--- RECORDS SUPPLIED Enclosed Below ---

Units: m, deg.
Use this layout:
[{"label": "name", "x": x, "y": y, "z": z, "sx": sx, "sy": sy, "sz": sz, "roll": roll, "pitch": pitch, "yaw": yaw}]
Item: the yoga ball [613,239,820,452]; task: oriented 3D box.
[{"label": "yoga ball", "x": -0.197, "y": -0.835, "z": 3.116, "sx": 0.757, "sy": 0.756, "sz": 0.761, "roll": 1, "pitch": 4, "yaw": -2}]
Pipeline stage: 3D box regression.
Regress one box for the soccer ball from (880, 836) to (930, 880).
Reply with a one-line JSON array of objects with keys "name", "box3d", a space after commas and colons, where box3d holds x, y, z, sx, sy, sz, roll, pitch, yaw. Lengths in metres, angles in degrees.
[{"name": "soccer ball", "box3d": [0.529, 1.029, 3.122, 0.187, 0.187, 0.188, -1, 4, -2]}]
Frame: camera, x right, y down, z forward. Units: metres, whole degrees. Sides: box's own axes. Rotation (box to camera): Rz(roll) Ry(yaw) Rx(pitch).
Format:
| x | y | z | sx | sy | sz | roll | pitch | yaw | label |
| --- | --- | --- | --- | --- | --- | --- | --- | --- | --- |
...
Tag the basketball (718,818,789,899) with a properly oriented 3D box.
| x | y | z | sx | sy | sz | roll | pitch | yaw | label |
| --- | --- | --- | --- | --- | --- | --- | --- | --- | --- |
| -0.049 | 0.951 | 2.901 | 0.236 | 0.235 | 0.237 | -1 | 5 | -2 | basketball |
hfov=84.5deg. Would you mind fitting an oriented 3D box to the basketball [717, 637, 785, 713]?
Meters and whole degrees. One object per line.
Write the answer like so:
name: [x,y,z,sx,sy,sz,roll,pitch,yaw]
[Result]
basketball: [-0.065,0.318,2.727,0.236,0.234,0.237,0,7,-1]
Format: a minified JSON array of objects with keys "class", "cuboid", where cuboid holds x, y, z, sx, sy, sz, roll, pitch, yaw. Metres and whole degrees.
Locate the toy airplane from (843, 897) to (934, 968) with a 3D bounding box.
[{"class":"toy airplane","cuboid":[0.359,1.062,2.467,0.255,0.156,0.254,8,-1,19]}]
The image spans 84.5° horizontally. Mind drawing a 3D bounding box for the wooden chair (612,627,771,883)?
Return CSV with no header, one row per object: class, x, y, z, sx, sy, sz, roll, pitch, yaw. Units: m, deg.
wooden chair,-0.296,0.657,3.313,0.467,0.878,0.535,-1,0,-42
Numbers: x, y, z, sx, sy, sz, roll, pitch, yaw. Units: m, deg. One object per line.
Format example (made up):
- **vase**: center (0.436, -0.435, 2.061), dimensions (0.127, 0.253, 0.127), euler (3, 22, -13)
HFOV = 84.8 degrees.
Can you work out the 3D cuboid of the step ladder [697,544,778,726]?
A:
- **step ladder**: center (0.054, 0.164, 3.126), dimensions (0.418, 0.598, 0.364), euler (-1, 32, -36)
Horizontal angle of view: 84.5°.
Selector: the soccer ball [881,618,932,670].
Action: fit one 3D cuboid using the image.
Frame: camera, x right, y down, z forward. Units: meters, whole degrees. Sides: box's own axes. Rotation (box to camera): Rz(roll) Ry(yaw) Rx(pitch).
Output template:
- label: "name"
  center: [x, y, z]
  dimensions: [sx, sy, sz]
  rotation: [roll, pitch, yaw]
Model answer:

--- End of Enclosed RECORDS SUPPLIED ---

[WHAT THE EXERCISE ASKS] Copy out, word for word, the part of the entries above that begins at the line with "Locate the toy" and ends at the line with "Format example (made", including both.

[WRITTEN ANSWER]
Locate the toy airplane from (843, 897) to (934, 968) with a 3D bounding box.
[{"class":"toy airplane","cuboid":[0.359,1.062,2.467,0.255,0.156,0.254,8,-1,19]}]
The image spans 84.5° horizontally. Mind drawing a 3D bounding box for the wooden chair (612,627,771,883)?
Return CSV with no header, one row per object: class, x, y, z, sx, sy, sz, roll, pitch, yaw. Units: m, deg.
wooden chair,-0.296,0.657,3.313,0.467,0.878,0.535,-1,0,-42
Numbers: x, y, z, sx, sy, sz, roll, pitch, yaw. Units: m, deg. One object per line.
Format example (made up):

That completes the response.